Refer to caption — Figure 1: Framework of the proposed algorithm.

In this section, we first discuss the background of using Bloom for causal structure learning given both observational and interventional data. Then we present our method in detail, as illustrated in Fig. 1, and discuss the convergence guarantees. Finally, we introduce the distributed architecture of Bloom.

We aim to learn a DAG of an causal graphical model given observational and intervention data. Here, we first make the causal faithful and causal sufficient assumptions for the causal model, i.e., the observed data is consistent with the real causal relationship, and all variables for inferring the causal relationship are included. However, in the following, we relax this assumption appropriately and experimentally discuss the causal structure discovery performance of the proposed method in scenarios with potentially confounding causal variables.

Furthermore, we assume that interventions are created by affecting only a single variable, and each intervention is independent of the other.
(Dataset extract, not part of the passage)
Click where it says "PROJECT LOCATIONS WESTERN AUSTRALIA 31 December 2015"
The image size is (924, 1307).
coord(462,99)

The scope of this intervention closely follows Ke et al. [53]. Besides, we assume that all interventions are perfect, i.e., the distribution of the intervened variable is independent of the parent variables. And we assume interventions are conducted on each variable, and all samples, including the intervention target, are provided. In next section, we also try to relax this assumption and experimentally discuss the performance of the proposed method in the case of imperfect intervention.
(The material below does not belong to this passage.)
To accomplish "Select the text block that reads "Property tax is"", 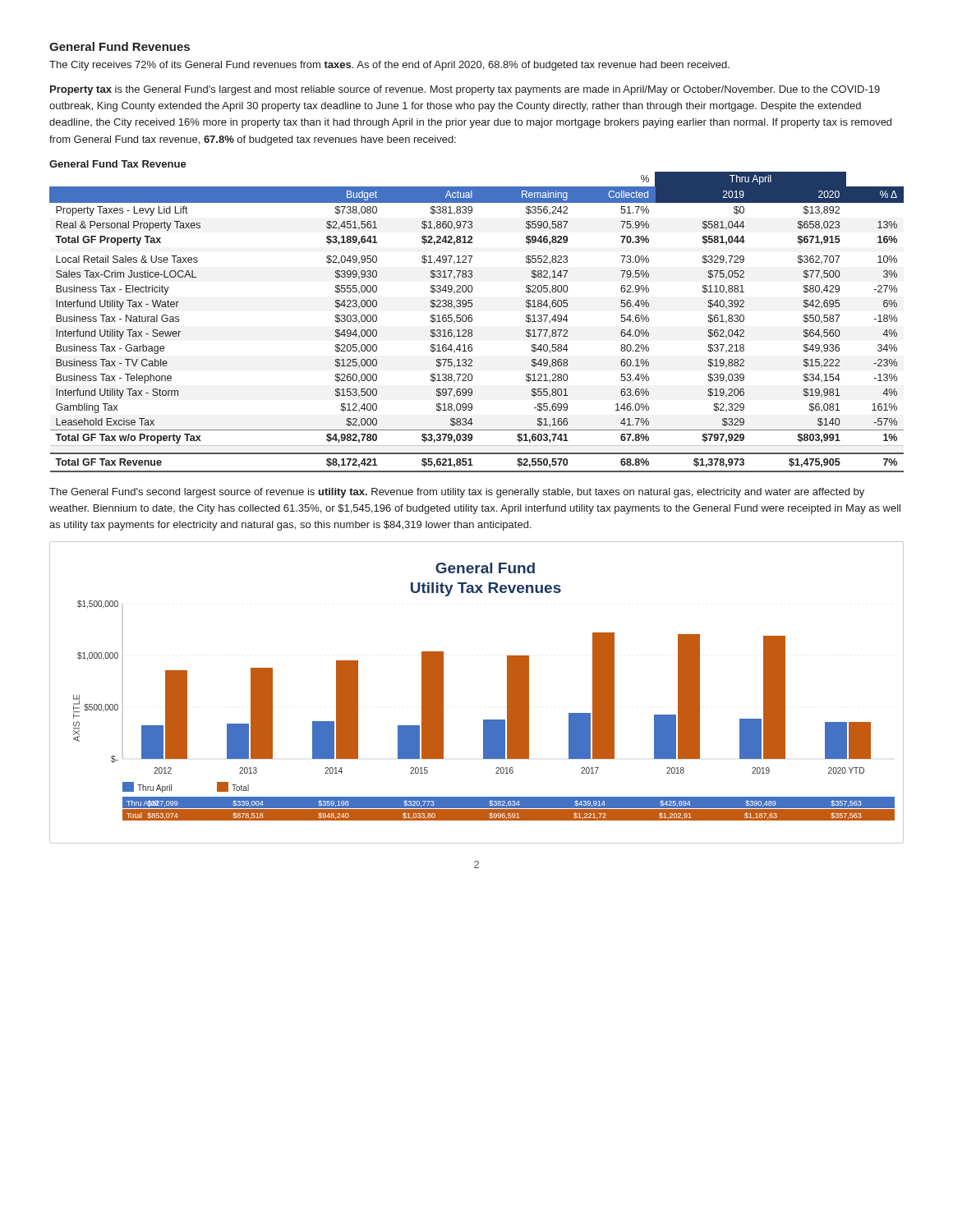I will 471,114.

Pearl’s Causal Hierarchy theory [1] posits that causal inference consists of three ascending levels: association, intervention, and counterfactual. Each level cannot provide higher-level information. In the first level, association problem is typically addressed by using passively observed data. On the second level, interventional data can offer more information of directed causality. However, learning causal structures relying solely on observational data is typically challenging. This is because, under the faithfulness assumption, the model may only be able to learn the Markov equivalence class of the true graph, whereas interventional data can effectively enhance identifiability.
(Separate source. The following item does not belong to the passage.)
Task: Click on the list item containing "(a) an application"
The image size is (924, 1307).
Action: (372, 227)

Therefore, we can define two parameters to jointly determine the graph structure, respectively: $\boldsymbol{P}\in[-1,1]^{D\times D}$ denotes the existence of undirected edges, $\boldsymbol{Q}\in[0,1]^{D\times D}$ the direction of the edges. In particular, the diagonal entries of both $\boldsymbol{P}$ and $\boldsymbol{Q}$ are $0$ , i.e., $P_{ii}$ (or $Q_{ii}$ )= $0$ , $i\in[D]{:=}\{1,\ldots,D\}$ , besides $P_{ij}=P_{ji}$ , $Q_{ij}+Q_{ij}=1$ . Then the weighted adjacency matrix of the DAG can be determined by $\boldsymbol{W}=\boldsymbol{P}\odot\boldsymbol{Q}$ . When $W_{ij}=P_{ij}\cdot Q_{ij}=0$ , it means there is no directed causal relationship between variable $i$ and $j$ . By decomposing the adjacency matrix into these two parameters, we can model the causal structure learning with observational and interventional data as a bilevel optimization problem thereby improving the identifiability of the structure. However, this modelling may entail extensive matrix operations, particularly with acyclic constraints, resulting in heightened complexity and slow convergence. Let $\boldsymbol{p}\in[-1,1]^{D_{2}}$ and $\boldsymbol{q}\in[0,1]^{D_{1}}$ be the concatenation of the non-diagonal elements from the upper triangular matrices of the matrices $\boldsymbol{P}$ and $\boldsymbol{Q}$ , respectively, where $\overline{D}=D_{1}=D_{2}=\frac{D^{2}-D}{2}$ .Thus, the elements in $\boldsymbol{P}$ and $\boldsymbol{Q}$ can be easily expressed by $\boldsymbol{p}$ and $\boldsymbol{q}$ . And we can model the above problem with the following bilevel polynomial optimization formulation.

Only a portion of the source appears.